__Task to complete__: Give the count of lines in the data that include the string "Numbers", with no added remarks.

Collected data:

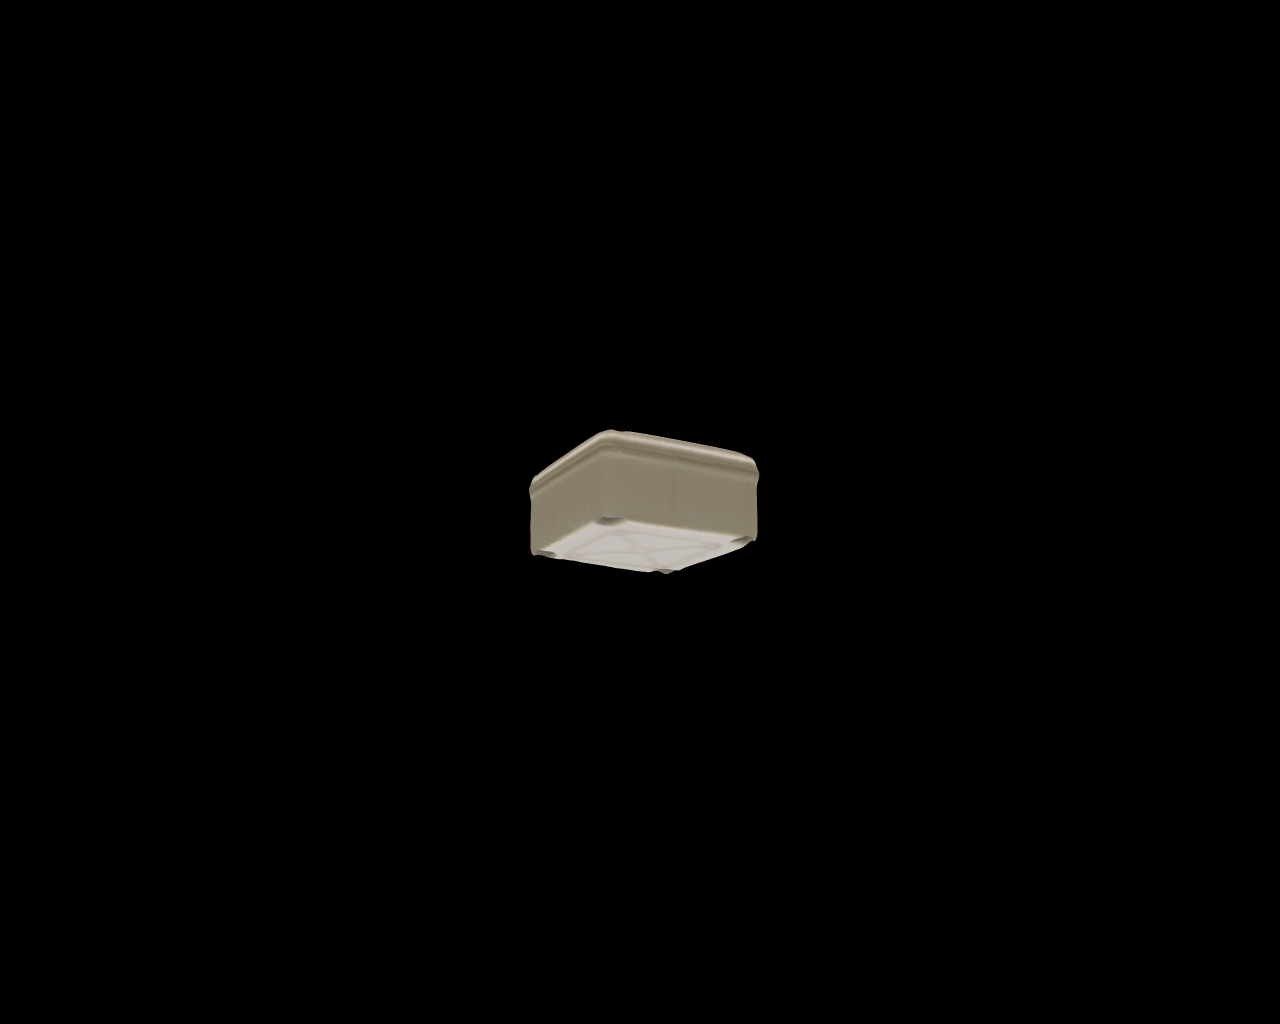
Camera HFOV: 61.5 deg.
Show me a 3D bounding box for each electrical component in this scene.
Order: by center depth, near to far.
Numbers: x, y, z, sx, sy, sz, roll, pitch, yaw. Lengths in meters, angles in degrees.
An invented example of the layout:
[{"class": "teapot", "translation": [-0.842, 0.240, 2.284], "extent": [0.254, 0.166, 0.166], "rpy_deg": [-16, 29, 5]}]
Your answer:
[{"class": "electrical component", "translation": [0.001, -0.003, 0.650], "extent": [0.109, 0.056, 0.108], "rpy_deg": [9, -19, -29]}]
---
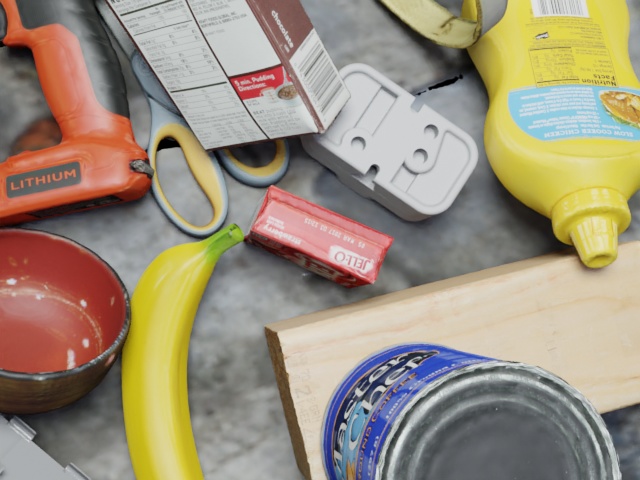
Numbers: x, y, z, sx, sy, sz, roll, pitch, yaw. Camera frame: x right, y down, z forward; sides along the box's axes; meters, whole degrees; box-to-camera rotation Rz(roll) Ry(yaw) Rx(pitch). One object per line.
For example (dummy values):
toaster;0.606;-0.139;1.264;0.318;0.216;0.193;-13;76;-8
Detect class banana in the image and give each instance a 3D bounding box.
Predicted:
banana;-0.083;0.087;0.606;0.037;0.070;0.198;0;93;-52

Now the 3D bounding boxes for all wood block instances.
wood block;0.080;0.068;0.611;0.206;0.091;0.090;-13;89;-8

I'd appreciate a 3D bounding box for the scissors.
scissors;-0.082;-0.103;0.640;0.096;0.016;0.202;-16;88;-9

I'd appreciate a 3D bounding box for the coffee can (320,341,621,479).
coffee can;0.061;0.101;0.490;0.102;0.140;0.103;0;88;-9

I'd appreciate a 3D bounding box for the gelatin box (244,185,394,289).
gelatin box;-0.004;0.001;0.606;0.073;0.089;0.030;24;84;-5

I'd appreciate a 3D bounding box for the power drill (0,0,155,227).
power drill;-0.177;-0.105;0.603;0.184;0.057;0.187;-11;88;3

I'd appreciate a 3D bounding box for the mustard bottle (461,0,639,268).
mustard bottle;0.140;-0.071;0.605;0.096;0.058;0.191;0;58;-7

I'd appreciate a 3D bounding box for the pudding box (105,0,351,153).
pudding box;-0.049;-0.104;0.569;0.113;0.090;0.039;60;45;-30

__Expected answer__: 2